The whole training networks of the mission planning for the AUV are constructed based on the PyTorch framework, where the training process is implemented on the NVIDIA GeForce RTX 3060 GPU. The critic network consists of five fully connected layers, including three hidden layers, of which the hidden units are set as 64, 52, and 30, respectively. The ReLU function is adopted as the non-linearity function in the networks. Specifically, the first hidden layer with 64 neurons obtains the concatenated vector of observations and actions , and the data then proceed through the following second and third hidden layers, with 52 and 30 neurons, respectively. The whole process is offline and can be divided into two parts: off-line centralized training and on-line decentralized execution. The advantage of using this method is that the system will have competitive execution speeds compared to the traditional methods during the testing stage, and the calculation could be gathered in the training stage.
4.3. Simulation Figures
Figure 3 shows the episode rewards obtained by USVs under different algorithms. The RL algorithm based on the policy gradient is used as the benchmark comparison algorithm. The experimental setting is for two USVs to perform navigation and assignment tasks with two target areas under the condition of no obstacles. It can be seen that the MADDPG has a significant advantage over the DDPG and REINFORCE algorithms, as it can get a higher reward, which proves the effectiveness of the proposed algorithm in solving multiple USVs’ navigation and area allocation tasks.
Figure 4 shows the collision rate of USVs in different task environments. We observe the experimental effects when the number of USVs is 4, 3, and 2, and the number of target areas is 1, 2, 3, and 4, respectively. It can be seen from the figure that with the increase in training times, the collision rate of USVs in each turn will gradually decrease and tend to converge. At the same time, the total number of collisions will gradually decrease and stabilize, as can be seen in
Figure 5.
Figure 6 shows the experimental conditions of the USV reward.
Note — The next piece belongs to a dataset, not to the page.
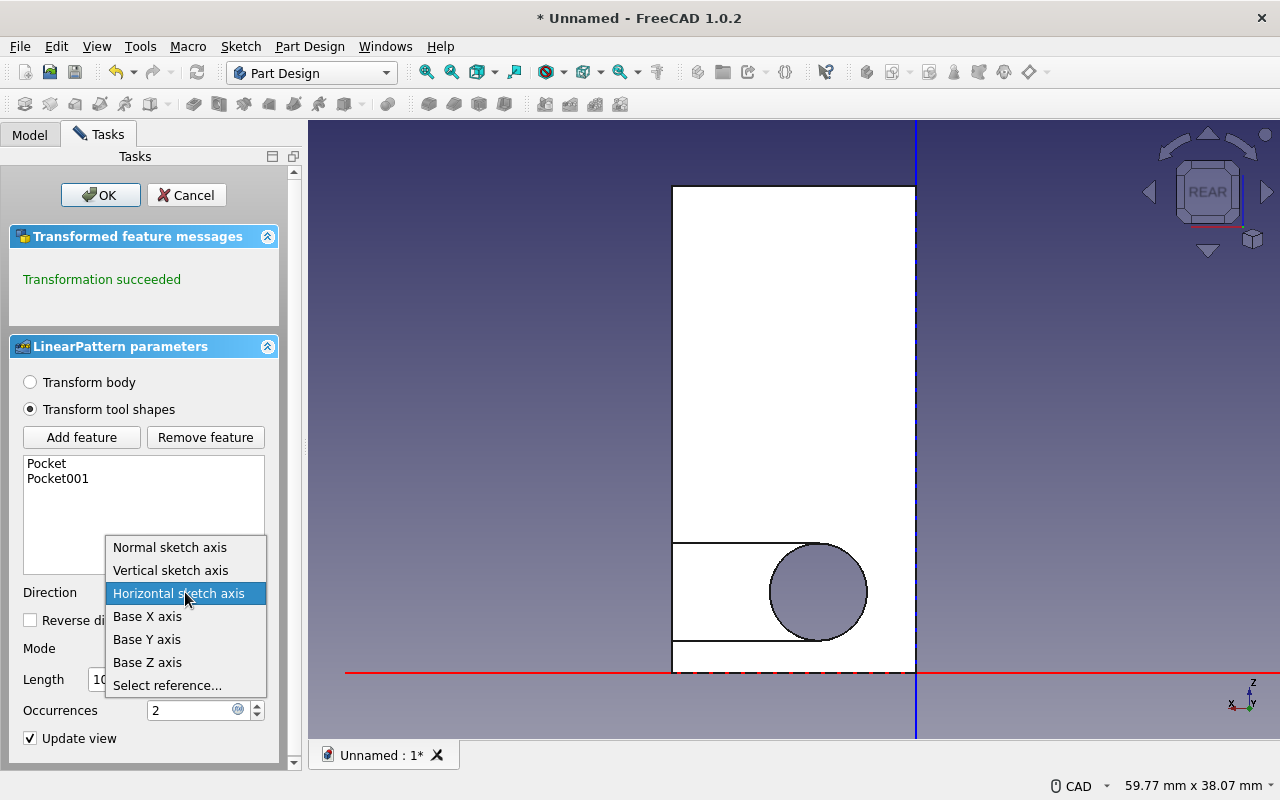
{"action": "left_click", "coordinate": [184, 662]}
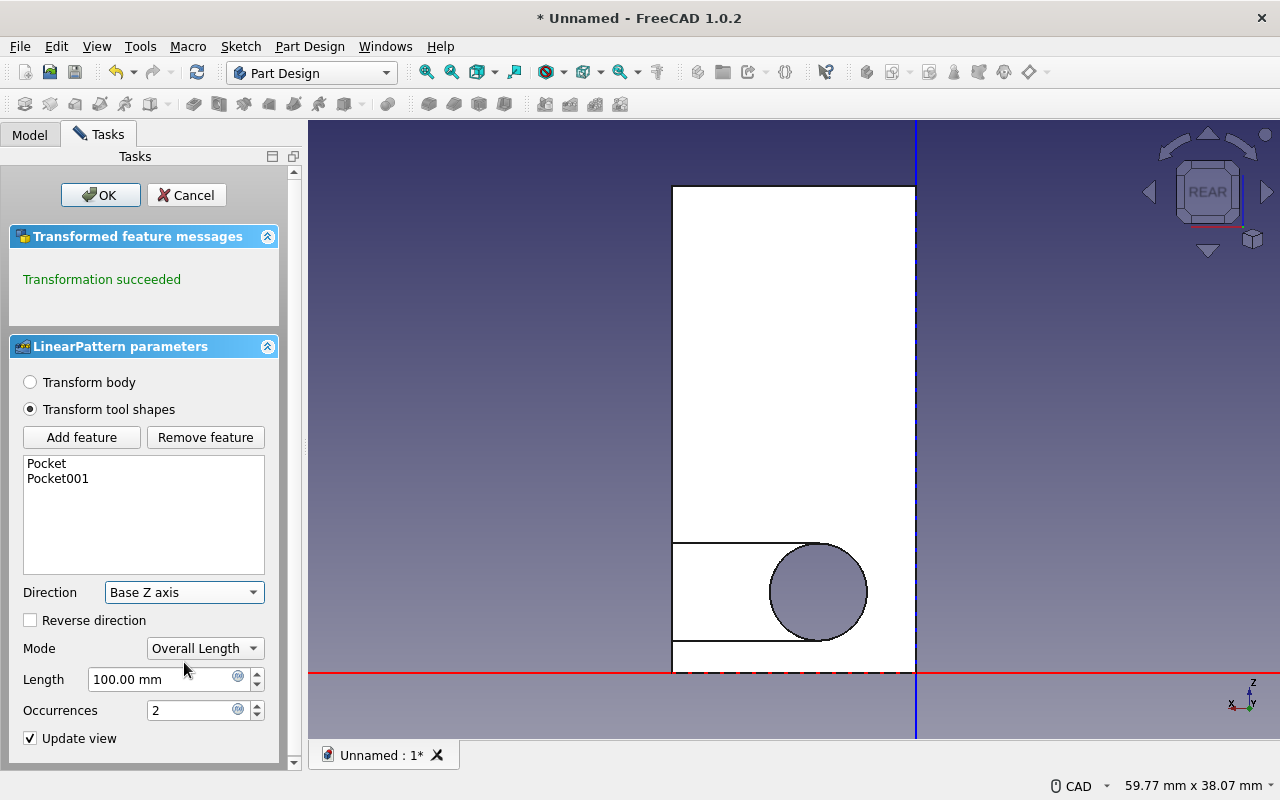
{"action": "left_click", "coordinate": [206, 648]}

It can be seen that in the early stage of the training, because of the blindness of the exploration stage, the reward for each USV will undergo a dramatic decline in the lowest (about 500 rounds), but with ongoing exploration, the neural network with gradually learn the best strategy.
Figure 7 shows the dynamic trajectory of USVs in different test environments. Obstacles will move randomly after each training round, while the position of the target area remains unchanged. The number of USVs and target areas can be set manually. When encountering obstacles, it will adjust the direction according to the security of the surrounding environment and the position of the target area. When approaching the target area, it will automatically coordinate the area to be reached according to the position of each target area to complete the task assigned by the area.